Уткнувшись усталыми губами в ее теплое плечо, я подумал, что все равно не должен открывать ей своей тайны. Эта тайна казалась такой пустой и несущественной, но я уже не хотел и не мог иметь от Анны какие-то секреты. И я произнес:
– Любимая, когда я появился на свет, мать моя сжимала в кулаке кусочек порфира. Я – Багрянородный. Теперь я могу сказать тебе это, поскольку между нами уже все равно ничего не изменится.
Анна резко приподнялась на локтях и уставилась на меня расширившимися глазами.
– Я – Багрянородный, – повторил я. – Мой отец был единокровным братом прежнего императора Мануила. Дедом моим был император Иоанн. Тот самый Иоанн, который отправился в Рим и в Авиньон, отрекся от своей веры и признал папу, не связывая при этом никакими обязательствами ни свою церковь, ни свой народ. Василевс поступил так, чтобы папа в глубочайшей тайне сочетал его браком с одной венецианкой; Иоанн любил эту женщину. Ему было тогда лет сорок. Синьория заплатила его долги и вернула ему драгоценности византийской короны, которые он заложил. Папа и Венеция обещали ему также поддержку Запада и помощь крестоносцев. Но сын Иоанна Андроник восстал позже против отца и поднял мятеж. Также, как и сын Андроника.
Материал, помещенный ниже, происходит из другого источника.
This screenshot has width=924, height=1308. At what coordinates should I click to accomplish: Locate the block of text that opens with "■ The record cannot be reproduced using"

А когда и Запад отвернулся от Иоанна, он вынужден был заключить мир с султаном и признать наследником престола своего сына Мануила. На самом деле единственным законным наследником был мой отец. И потому Мануил послал своих ангелов, чтобы те разыскали и ослепили сына прекрасной венецианки. После этого отец мой уже не хотел жить. Он бросился со скалы за папским дворцом в Авиньоне. Золотых дел мастер, у которого хранились наши деньги и бумаги, после смерти Слепого Грека обманул меня. Этот негодяй до сих пор прячет документы, которые свидетельствуют о моем истинном происхождении. Насколько мне известно, папская курия и венецианская Синьория тоже знают о моем существовании, хотя и потеряли меня из вида. Я – василевс, но совершенно не стремлюсь к власти. Власть – не для меня. Но у меня есть право умереть на стенах моего города. Теперь ты понимаешь, почему я не могу уйти от своей судьбы?
Анна в испуге смотрела на меня. Потом провела кончиками пальцев по моему лицу. Я уже не брился, чтобы изменить свою внешность, а отпустил бородку.
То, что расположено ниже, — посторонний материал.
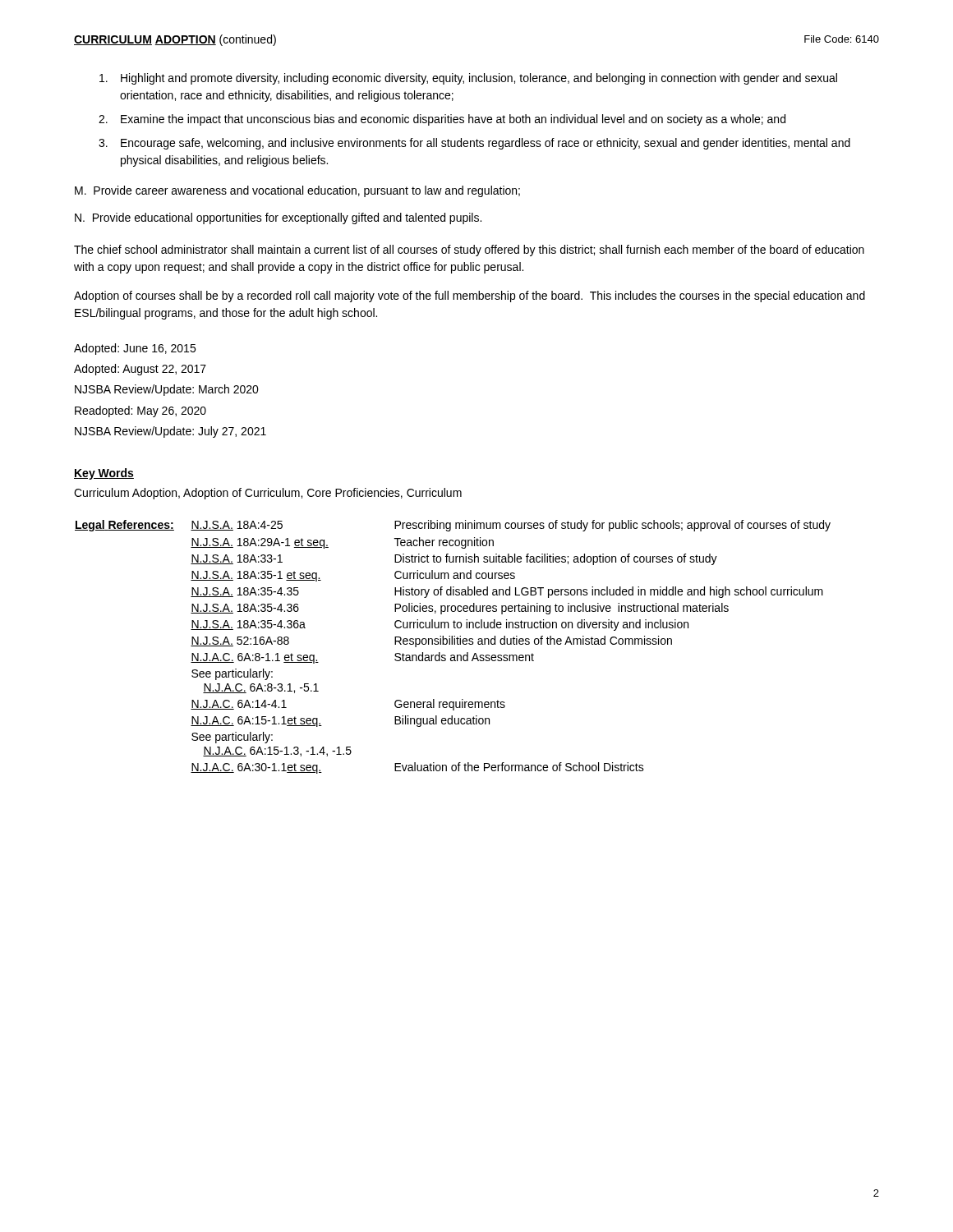This screenshot has height=1232, width=953.
Task: Locate the text "CURRICULUM ADOPTION (continued)"
Action: (x=175, y=39)

– Ты теперь веришь, что все свершается, как должно? – спросил я. – Мне было предначертано встретить тебя и твоего отца, чтобы я мог победить и последнее искушение. После того, как Константин огласил унию, я мог во всеуслышание заявить о своем происхождении, поднять с помощью твоего отца в городе мятеж, который поддержал бы весь народ, распахнуть ворота Константинополя перед султаном и править здесь как император-вассал. Но достойно ли это моих предков?
С мукой в голосе Анна сказала:
– Если все это правда, то я узнала тебя только по портрету императора Мануила. И на Константина ты похож. Когда ты сейчас говоришь мне о тайне своего рождения – я лишь удивляюсь, что никто раньше не заметил твоего сходства с василевсом.
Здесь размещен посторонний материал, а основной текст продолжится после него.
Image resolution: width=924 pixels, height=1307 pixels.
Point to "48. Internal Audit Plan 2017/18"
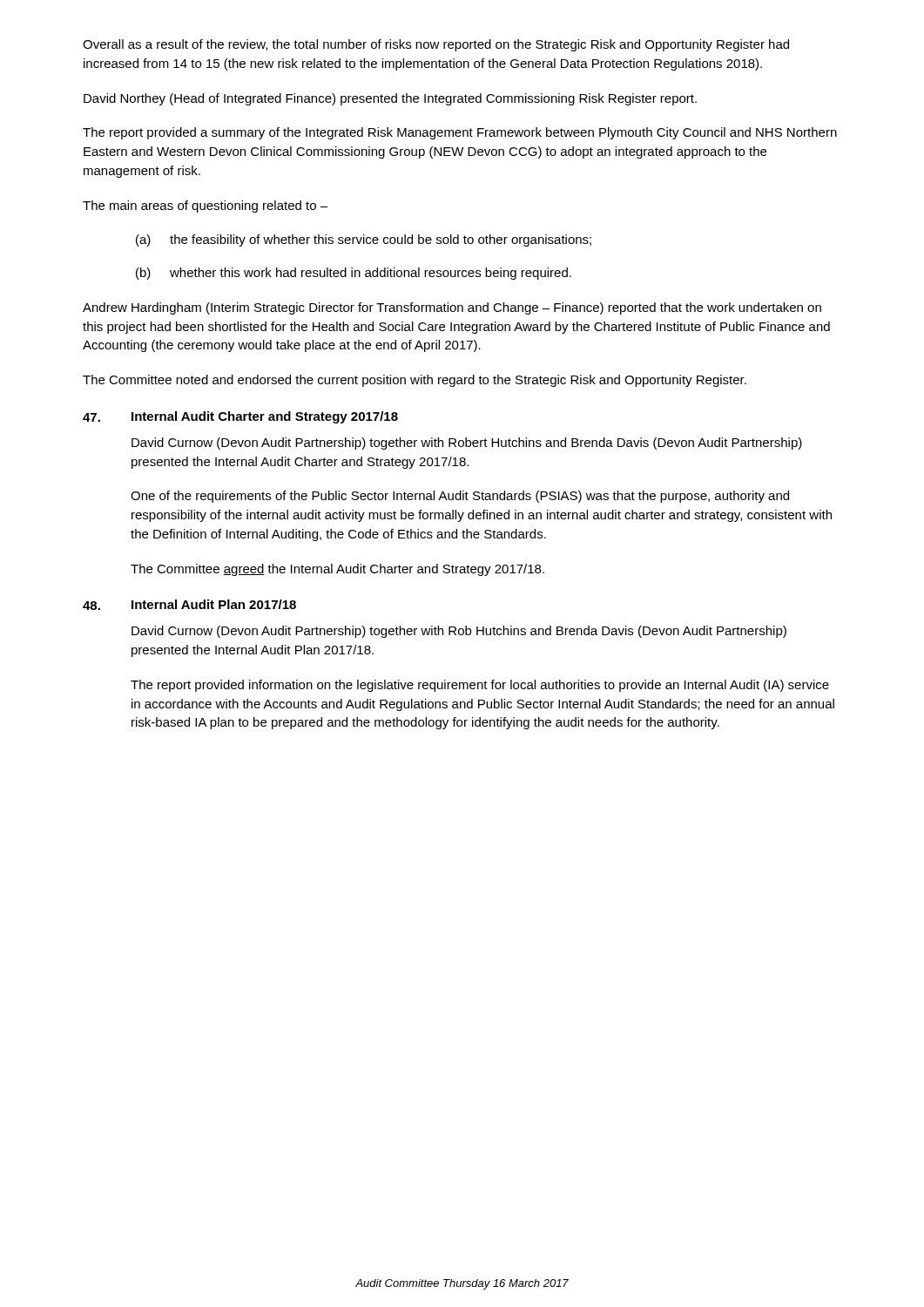(x=190, y=605)

– Мой слуга Мануил увидел его сразу, – пожал я плечами. – Голос крови – загадочная вещь. Он влечет человека к истокам… Когда я вернулся в лоно церкви своего отца, отступник Иоанн во мне тоже обрел утраченную веру. Моя судьба – это постоянное примирение.
Анна проговорила:
– Василевс Иоанн Ангел из рода Палеологов и Анна Нотар, дочь флотоводца Нотара. Действительно, примирение будет полным, когда свершатся наши судьбы.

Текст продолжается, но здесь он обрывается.